Collected data entries:
╭──

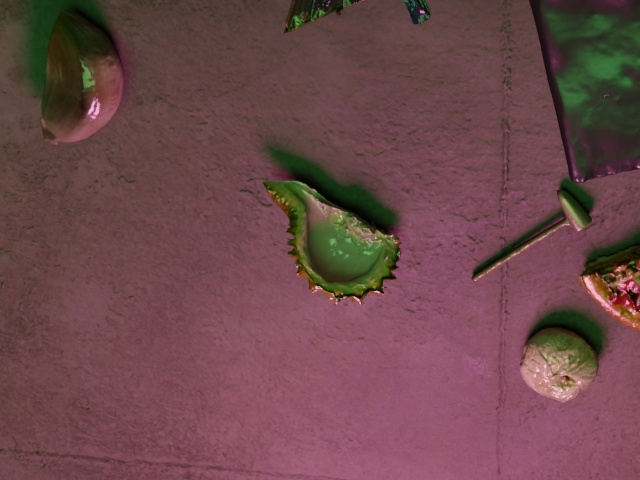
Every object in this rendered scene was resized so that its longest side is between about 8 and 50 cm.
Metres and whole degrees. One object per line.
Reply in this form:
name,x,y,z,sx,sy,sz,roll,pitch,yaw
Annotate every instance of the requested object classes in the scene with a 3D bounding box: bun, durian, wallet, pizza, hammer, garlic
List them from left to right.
garlic,-0.316,-0.205,1.741,0.101,0.087,0.196,25,128,13
durian,0.002,-0.003,1.791,0.224,0.078,0.140,44,78,-2
hammer,0.273,0.000,1.765,0.195,0.028,0.060,-35,103,31
bun,0.335,0.181,1.838,0.115,0.069,0.115,7,123,11
wallet,0.353,-0.209,1.610,0.146,0.030,0.285,-8,118,21
pizza,0.457,0.049,1.734,0.201,0.053,0.193,21,124,0

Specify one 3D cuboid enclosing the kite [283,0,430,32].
kite,0.067,-0.363,1.587,0.321,0.016,0.234,-18,117,23
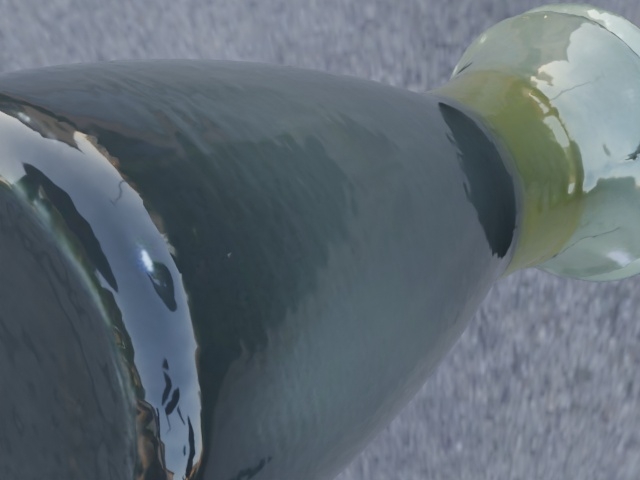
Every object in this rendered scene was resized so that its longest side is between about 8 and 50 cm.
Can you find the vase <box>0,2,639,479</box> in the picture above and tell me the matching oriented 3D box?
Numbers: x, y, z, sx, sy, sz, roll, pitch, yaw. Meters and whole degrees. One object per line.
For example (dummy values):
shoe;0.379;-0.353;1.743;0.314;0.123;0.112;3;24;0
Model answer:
vase;0.000;0.000;0.675;0.321;0.173;0.173;-22;64;-46
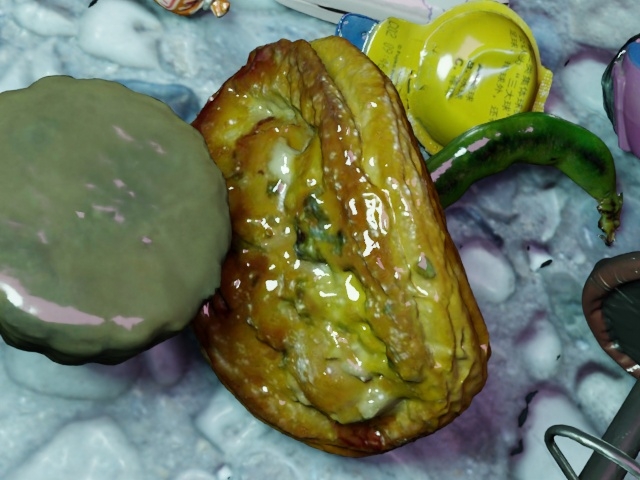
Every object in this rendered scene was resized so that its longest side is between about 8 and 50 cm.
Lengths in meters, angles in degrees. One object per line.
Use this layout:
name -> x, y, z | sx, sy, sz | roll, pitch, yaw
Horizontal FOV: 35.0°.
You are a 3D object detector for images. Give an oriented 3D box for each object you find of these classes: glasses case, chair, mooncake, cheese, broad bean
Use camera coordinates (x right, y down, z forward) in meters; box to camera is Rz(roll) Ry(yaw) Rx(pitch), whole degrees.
glasses case -> 0.070, -0.287, 1.123 | 0.297, 0.075, 0.113 | 12, 67, -13
chair -> 0.287, 0.169, 0.939 | 0.226, 0.226, 0.401 | 41, 62, 0
mooncake -> -0.186, -0.011, 0.806 | 0.228, 0.124, 0.228 | 8, 68, -19
cheese -> 0.133, -0.174, 1.071 | 0.270, 0.069, 0.177 | 7, 105, -27
broad bean -> 0.207, -0.066, 1.075 | 0.292, 0.049, 0.144 | 1, 103, -20

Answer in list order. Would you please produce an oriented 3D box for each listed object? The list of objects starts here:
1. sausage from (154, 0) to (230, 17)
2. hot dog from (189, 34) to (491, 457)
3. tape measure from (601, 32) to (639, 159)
sausage -> -0.205, -0.343, 1.042 | 0.093, 0.093, 0.312 | -41, 87, -27
hot dog -> 0.000, 0.000, 0.904 | 0.174, 0.267, 0.387 | -2, 68, -58
tape measure -> 0.455, -0.166, 1.133 | 0.245, 0.149, 0.231 | -25, 35, -19
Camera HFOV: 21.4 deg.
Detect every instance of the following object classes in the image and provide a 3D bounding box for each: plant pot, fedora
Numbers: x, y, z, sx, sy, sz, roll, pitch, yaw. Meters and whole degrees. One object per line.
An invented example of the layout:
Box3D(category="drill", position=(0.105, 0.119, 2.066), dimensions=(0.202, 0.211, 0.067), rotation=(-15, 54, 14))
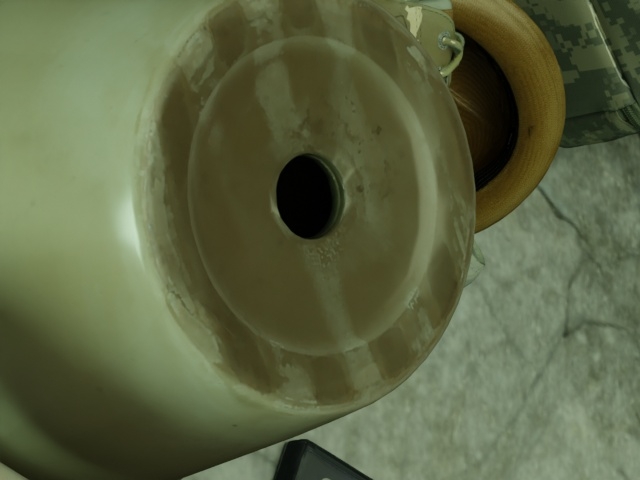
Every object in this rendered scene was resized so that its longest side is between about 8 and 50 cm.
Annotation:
Box3D(category="plant pot", position=(-0.088, -0.010, 0.817), dimensions=(0.323, 0.280, 0.323), rotation=(2, 87, -39))
Box3D(category="fedora", position=(0.062, -0.093, 1.099), dimensions=(0.194, 0.194, 0.079), rotation=(49, 11, -24))

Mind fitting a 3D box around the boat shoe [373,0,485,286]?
Box3D(category="boat shoe", position=(0.032, -0.108, 0.978), dimensions=(0.302, 0.103, 0.113), rotation=(62, 6, -10))

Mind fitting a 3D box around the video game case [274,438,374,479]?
Box3D(category="video game case", position=(0.013, 0.288, 1.039), dimensions=(0.196, 0.026, 0.274), rotation=(36, 59, -31))

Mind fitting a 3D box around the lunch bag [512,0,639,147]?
Box3D(category="lunch bag", position=(0.248, -0.234, 1.197), dimensions=(0.212, 0.256, 0.305), rotation=(-36, 106, -40))

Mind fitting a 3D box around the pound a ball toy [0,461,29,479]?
Box3D(category="pound a ball toy", position=(-0.165, 0.112, 0.691), dimensions=(0.319, 0.136, 0.208), rotation=(42, 24, -35))

╰──

### What is being asked
Retype the entries word for word. Omit any images.

### Solution for this exercise
Every object in this rendered scene was resized so that its longest side is between about 8 and 50 cm.
Metres and whole degrees. One object per line.
Reply in this form:
name,x,y,z,sx,sy,sz,roll,pitch,yaw
Annotate every instance of the requested object classes in the scene with a 3D bounding box: bun, durian, wallet, pizza, hammer, garlic
List them from left to right.
garlic,-0.316,-0.205,1.741,0.101,0.087,0.196,25,128,13
durian,0.002,-0.003,1.791,0.224,0.078,0.140,44,78,-2
hammer,0.273,0.000,1.765,0.195,0.028,0.060,-35,103,31
bun,0.335,0.181,1.838,0.115,0.069,0.115,7,123,11
wallet,0.353,-0.209,1.610,0.146,0.030,0.285,-8,118,21
pizza,0.457,0.049,1.734,0.201,0.053,0.193,21,124,0

Specify one 3D cuboid enclosing the kite [283,0,430,32].
kite,0.067,-0.363,1.587,0.321,0.016,0.234,-18,117,23
Every object in this rendered scene was resized so that its longest side is between about 8 and 50 cm.
Can you find the vase <box>0,2,639,479</box> in the picture above and tell me the matching oriented 3D box?
Numbers: x, y, z, sx, sy, sz, roll, pitch, yaw. Meters and whole degrees. One object per line.
For example (dummy values):
shoe;0.379;-0.353;1.743;0.314;0.123;0.112;3;24;0
Model answer:
vase;0.000;0.000;0.675;0.321;0.173;0.173;-22;64;-46
Every object in this rendered scene was resized so that its longest side is between about 8 and 50 cm.
Lengths in meters, angles in degrees. One object per line.
Use this layout:
name -> x, y, z | sx, sy, sz | roll, pitch, yaw
Horizontal FOV: 35.0°.
You are a 3D object detector for images. Give an oriented 3D box for each object you find of these classes: glasses case, chair, mooncake, cheese, broad bean
Use camera coordinates (x right, y down, z forward) in meters; box to camera is Rz(roll) Ry(yaw) Rx(pitch), whole degrees.
glasses case -> 0.070, -0.287, 1.123 | 0.297, 0.075, 0.113 | 12, 67, -13
chair -> 0.287, 0.169, 0.939 | 0.226, 0.226, 0.401 | 41, 62, 0
mooncake -> -0.186, -0.011, 0.806 | 0.228, 0.124, 0.228 | 8, 68, -19
cheese -> 0.133, -0.174, 1.071 | 0.270, 0.069, 0.177 | 7, 105, -27
broad bean -> 0.207, -0.066, 1.075 | 0.292, 0.049, 0.144 | 1, 103, -20

Answer in list order. Would you please produce an oriented 3D box for each listed object? The list of objects starts here:
1. sausage from (154, 0) to (230, 17)
2. hot dog from (189, 34) to (491, 457)
3. tape measure from (601, 32) to (639, 159)
sausage -> -0.205, -0.343, 1.042 | 0.093, 0.093, 0.312 | -41, 87, -27
hot dog -> 0.000, 0.000, 0.904 | 0.174, 0.267, 0.387 | -2, 68, -58
tape measure -> 0.455, -0.166, 1.133 | 0.245, 0.149, 0.231 | -25, 35, -19
Camera HFOV: 21.4 deg.
Detect every instance of the following object classes in the image and provide a 3D bounding box for each: plant pot, fedora
Numbers: x, y, z, sx, sy, sz, roll, pitch, yaw. Meters and whole degrees. One object per line.
An invented example of the layout:
Box3D(category="drill", position=(0.105, 0.119, 2.066), dimensions=(0.202, 0.211, 0.067), rotation=(-15, 54, 14))
Every object in this rendered scene was resized so that its longest side is between about 8 and 50 cm.
Annotation:
Box3D(category="plant pot", position=(-0.088, -0.010, 0.817), dimensions=(0.323, 0.280, 0.323), rotation=(2, 87, -39))
Box3D(category="fedora", position=(0.062, -0.093, 1.099), dimensions=(0.194, 0.194, 0.079), rotation=(49, 11, -24))

Mind fitting a 3D box around the boat shoe [373,0,485,286]?
Box3D(category="boat shoe", position=(0.032, -0.108, 0.978), dimensions=(0.302, 0.103, 0.113), rotation=(62, 6, -10))

Mind fitting a 3D box around the video game case [274,438,374,479]?
Box3D(category="video game case", position=(0.013, 0.288, 1.039), dimensions=(0.196, 0.026, 0.274), rotation=(36, 59, -31))

Mind fitting a 3D box around the lunch bag [512,0,639,147]?
Box3D(category="lunch bag", position=(0.248, -0.234, 1.197), dimensions=(0.212, 0.256, 0.305), rotation=(-36, 106, -40))

Mind fitting a 3D box around the pound a ball toy [0,461,29,479]?
Box3D(category="pound a ball toy", position=(-0.165, 0.112, 0.691), dimensions=(0.319, 0.136, 0.208), rotation=(42, 24, -35))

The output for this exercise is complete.